Daarnaast werd verweerder veroordeeld in de proceskosten van eiser, die op EUR 975,60 werden vastgesteld, en het griffierecht van EUR 138,-- moest worden vergoed. De rechtbank benadrukte dat de openbaarmaking van informatie in het kader van de Wob een belangrijk recht is, maar dat dit recht moet worden afgewogen tegen de bescherming van persoonlijke levenssfeer en beleidsopvattingen. De uitspraak benadrukt de noodzaak voor bestuursorganen om zorgvuldig om te gaan met verzoeken om informatie en de bijbehorende motiveringsplicht.

Uitspraak

RECHTBANK ALMELO
Sector bestuursrecht
Registratienummer: 05 / 1643 WOB AZ1 A
uitspraak van de enkelvoudige kamer
in het geschil tussen:
[eiser],
wonende te [woonplaats], eiser,
gemachtigde: mr. H. van Drunen,
en
de Referendumcommissie,
gevestigd te Den Haag, verweerder.
1. Aanduiding bestreden besluit
Besluit van verweerder d.d. 29 november 2005.

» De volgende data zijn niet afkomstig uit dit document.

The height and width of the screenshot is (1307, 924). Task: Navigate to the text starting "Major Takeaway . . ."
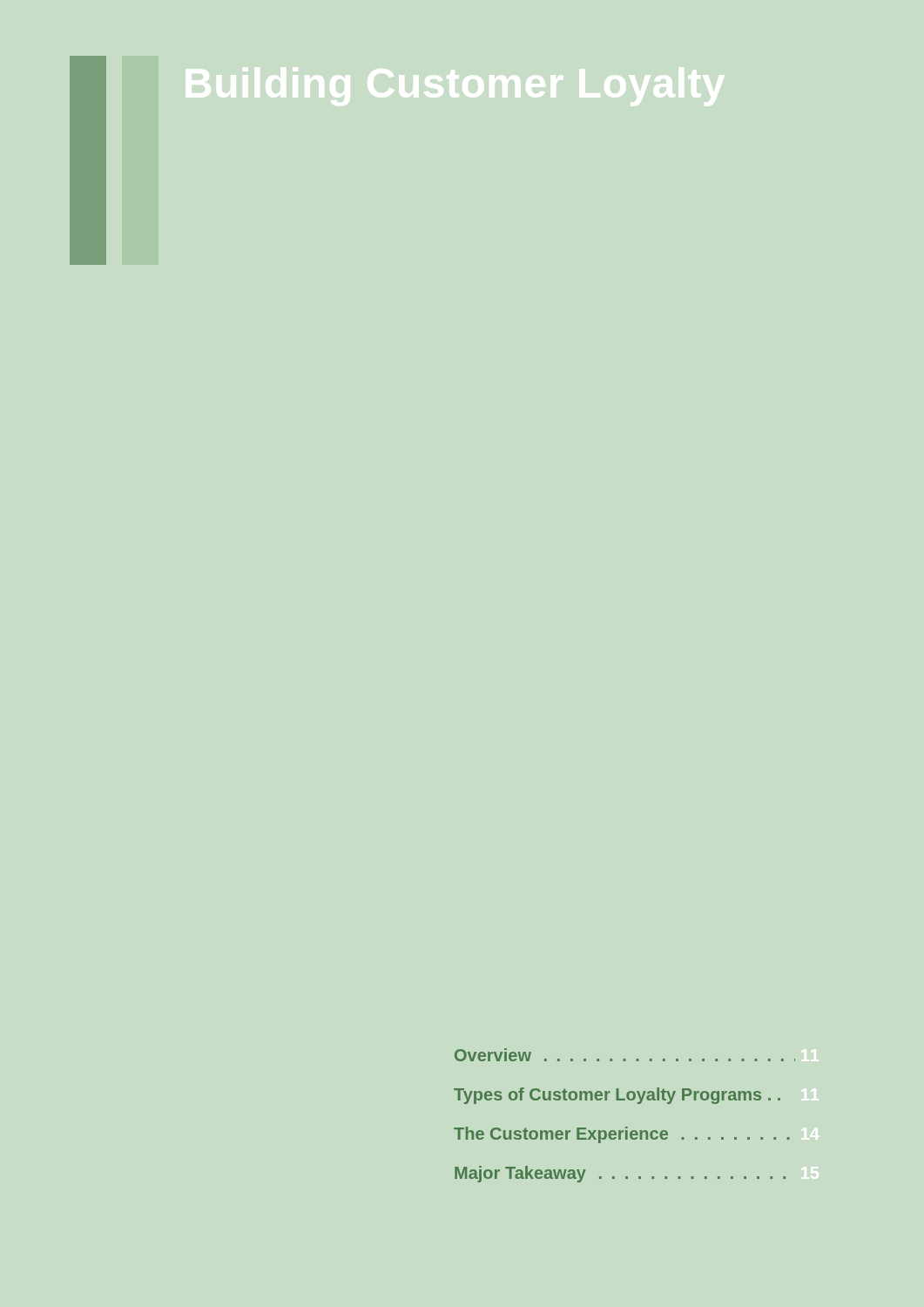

2. De feiten en het verloop van de procedure
Bij e-mailbericht van 16 juni 2005 is namens eiser met een beroep op de Wet openbaarheid van bestuur (Wob) verzocht om openbaarmaking van informatie, neergelegd in documenten betreffende een zevental bij verweerder ingediende subsidieverzoeken.
Bij besluit van 16 augustus 2005 zijn eisers gemachtigde de stukken toegezonden die aan het genoemde subsidieverzoeken ten grondslag liggen, met uitzondering van de persoonlijke beleidsopvattingen, opgenomen in zes documenten, opgesteld ten behoeve van intern beraad. Deze informatie is niet openbaar gemaakt op grond van artikel 11 van de Wob. Tevens zijn bepaalde persoonlijke gegevens, te weten namen, adresgegevens, telefoonnummers, e-mailadressen, fiscale nummers en bankrekeningnummers van twee particuliere subsidie-verzoekers niet openbaar gemaakt op grond van het bepaalde in artikel 10, tweede lid, aanhef en onder e, van de Wob.
Tegen dit besluit is op 5 september 2005 namens eiser bezwaar gemaakt.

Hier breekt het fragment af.